Cam işçisi yazdı: Koşullar kötü, fazla mesailer zorunlu

“Çalıştığımız fabrikada çayları biz işçiler cebimizden karşılıyoruz. Fazla mesaiye kaldığımızda yemeğimizi evimizden getiriyoruz ya da tost, bisküvi gibi şeylerle karnımızı doyuruyoruz.”

Fotoğraf: Pixabay

Paylaş

Cam İşçisi
İstanbul

Merhaba Evrensel okurları. Kurtköy Sanayi’de 400 işçinin çalıştığı cam fabrikasında çalışıyorum. Sizlerle biraz çalışma koşullarından bahsetmek istiyorum. Sabah 08.00’den akşam 21.00’e kadar çalışıyoruz. Haftanın 7 günü 13 saat fabrikada üretim yapıyoruz. Fazla mesailer zorunlu. Fazla mesaiye kalmak istemediğimizi söylediğimizde amirimiz “Ne işin var” deyip karşı çıkıyor.

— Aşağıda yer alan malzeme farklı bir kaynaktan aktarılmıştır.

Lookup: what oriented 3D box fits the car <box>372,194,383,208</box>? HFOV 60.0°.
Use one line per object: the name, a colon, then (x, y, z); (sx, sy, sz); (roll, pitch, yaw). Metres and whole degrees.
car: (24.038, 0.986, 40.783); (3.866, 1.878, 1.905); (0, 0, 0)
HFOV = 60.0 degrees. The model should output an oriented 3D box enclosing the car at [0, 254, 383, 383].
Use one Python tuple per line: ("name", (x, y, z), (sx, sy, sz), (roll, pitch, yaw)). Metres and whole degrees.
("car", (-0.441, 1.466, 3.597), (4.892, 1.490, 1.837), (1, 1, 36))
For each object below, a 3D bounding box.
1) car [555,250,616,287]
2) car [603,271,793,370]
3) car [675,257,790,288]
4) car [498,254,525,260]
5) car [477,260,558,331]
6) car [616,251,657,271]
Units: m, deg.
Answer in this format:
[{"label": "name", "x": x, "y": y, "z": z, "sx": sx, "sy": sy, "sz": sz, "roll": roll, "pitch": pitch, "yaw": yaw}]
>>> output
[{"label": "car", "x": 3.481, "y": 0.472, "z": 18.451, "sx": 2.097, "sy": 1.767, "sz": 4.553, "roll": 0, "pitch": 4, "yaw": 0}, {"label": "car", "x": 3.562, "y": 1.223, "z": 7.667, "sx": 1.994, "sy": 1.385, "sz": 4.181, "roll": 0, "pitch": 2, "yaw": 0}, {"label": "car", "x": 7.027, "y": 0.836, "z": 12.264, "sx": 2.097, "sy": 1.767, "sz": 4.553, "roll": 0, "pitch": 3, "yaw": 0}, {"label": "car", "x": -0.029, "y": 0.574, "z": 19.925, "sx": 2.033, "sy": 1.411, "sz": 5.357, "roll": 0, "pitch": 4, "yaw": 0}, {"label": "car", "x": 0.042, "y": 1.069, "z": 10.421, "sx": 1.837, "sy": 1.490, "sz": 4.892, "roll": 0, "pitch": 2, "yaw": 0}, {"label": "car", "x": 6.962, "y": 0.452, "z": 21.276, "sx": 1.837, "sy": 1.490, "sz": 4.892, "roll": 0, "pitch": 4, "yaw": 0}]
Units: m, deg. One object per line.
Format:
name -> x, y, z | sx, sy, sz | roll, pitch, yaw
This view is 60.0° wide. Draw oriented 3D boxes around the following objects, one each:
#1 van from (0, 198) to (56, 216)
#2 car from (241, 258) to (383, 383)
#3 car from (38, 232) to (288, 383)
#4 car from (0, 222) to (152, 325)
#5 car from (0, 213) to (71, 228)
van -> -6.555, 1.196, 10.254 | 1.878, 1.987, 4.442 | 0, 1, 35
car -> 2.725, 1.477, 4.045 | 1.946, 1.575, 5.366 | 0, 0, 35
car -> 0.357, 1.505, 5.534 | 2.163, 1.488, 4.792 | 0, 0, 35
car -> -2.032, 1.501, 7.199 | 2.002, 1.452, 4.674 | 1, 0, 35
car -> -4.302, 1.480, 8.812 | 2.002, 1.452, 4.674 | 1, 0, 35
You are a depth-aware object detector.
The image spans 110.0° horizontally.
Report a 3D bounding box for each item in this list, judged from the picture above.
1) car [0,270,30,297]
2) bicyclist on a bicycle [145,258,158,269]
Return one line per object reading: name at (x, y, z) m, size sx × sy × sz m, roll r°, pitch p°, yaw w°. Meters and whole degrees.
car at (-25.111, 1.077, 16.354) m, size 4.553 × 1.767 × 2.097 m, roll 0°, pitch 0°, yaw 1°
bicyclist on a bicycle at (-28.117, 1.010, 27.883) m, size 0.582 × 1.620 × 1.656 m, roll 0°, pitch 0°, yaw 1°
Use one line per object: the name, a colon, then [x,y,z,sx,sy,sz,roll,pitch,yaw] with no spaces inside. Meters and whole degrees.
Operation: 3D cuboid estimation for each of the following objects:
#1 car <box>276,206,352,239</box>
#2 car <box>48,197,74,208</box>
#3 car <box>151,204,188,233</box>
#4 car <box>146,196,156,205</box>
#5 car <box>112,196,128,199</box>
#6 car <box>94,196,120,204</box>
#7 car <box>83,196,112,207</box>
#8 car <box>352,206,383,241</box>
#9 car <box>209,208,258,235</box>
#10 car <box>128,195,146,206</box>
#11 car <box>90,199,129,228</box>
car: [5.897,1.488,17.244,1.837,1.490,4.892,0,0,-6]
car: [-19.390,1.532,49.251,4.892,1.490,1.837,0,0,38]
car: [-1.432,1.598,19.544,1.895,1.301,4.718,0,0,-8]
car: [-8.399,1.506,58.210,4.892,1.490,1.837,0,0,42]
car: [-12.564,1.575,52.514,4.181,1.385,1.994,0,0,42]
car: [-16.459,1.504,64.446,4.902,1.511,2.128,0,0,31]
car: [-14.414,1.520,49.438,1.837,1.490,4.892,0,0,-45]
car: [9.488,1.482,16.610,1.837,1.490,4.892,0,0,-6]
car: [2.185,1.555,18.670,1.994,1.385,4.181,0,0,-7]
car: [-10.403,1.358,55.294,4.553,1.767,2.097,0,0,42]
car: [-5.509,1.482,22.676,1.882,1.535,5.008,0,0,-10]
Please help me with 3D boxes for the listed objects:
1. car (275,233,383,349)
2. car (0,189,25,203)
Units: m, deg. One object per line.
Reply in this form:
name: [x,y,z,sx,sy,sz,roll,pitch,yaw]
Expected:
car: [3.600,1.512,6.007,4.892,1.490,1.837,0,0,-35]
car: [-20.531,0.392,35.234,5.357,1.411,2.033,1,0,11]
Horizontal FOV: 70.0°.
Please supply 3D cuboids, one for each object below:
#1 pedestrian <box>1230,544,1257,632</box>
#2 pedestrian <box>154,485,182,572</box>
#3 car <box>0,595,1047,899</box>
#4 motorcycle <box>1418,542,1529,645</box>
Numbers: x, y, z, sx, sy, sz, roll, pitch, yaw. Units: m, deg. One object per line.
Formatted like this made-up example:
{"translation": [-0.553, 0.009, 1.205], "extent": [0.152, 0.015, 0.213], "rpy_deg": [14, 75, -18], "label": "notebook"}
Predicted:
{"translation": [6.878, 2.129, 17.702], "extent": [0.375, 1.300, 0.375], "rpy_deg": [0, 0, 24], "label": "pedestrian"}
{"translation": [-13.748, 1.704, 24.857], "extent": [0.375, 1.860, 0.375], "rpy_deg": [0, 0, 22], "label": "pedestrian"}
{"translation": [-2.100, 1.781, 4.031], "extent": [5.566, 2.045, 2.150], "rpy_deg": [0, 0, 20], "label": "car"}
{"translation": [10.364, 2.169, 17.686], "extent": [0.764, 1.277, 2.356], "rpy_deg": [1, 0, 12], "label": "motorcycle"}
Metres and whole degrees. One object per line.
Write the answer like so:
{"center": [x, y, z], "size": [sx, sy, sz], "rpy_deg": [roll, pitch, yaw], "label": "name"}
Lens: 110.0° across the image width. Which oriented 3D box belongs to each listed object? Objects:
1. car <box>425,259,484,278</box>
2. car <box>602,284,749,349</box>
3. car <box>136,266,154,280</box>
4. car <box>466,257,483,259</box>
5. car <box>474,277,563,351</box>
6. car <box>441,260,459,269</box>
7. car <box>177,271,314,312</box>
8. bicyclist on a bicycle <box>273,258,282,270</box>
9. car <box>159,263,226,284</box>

Dışarıda bir işimiz olduğunda da izin verilmiyor. Geçenlerde bir arkadaş hastane randevusu almış, lakin izin alamadı. Bizlerin sağlık durumu onların hiç umurunda değil. Biz işçileri makine olarak görüyorlar, bizim ailemiz hayatımız yokmuş gibi üretime devam etmek zorunda bırakılıyoruz.

Çalıştığımız fabrikada çayları biz işçiler cebimizden karşılıyoruz. Aramızda para toplayıp çayımızı kendimiz alıyoruz. Fazla mesaiye kaldığımızda yemeğimizi evimizden getiriyoruz ya da tost, bisküvi gibi şeylerle karnımızı doyuruyoruz.

İş güvenliği sözde var ama cam üreten bir fabrikada koruyucu hiçbir önlem yok. Ne iş ayakkabısı, ne gözlük... 20 yıllık çalışanla işe yeni başlayanın ücreti neredeyse aynı. Servis yok, insanlar kendi imkanlarıyla işe gidip geliyor. Zorunlu fazla mesailerle bir ayda elimize 6 bin liraya yakın para geçiyor ama bunun asgari ücret kısmı bankaya yatırılıyor, geri kalanı elden veriliyor. Bir ayda 170 tır sevkiyat yapılıyor. Yani ne kriz ne pandemi patronu olumsuz etkiledi.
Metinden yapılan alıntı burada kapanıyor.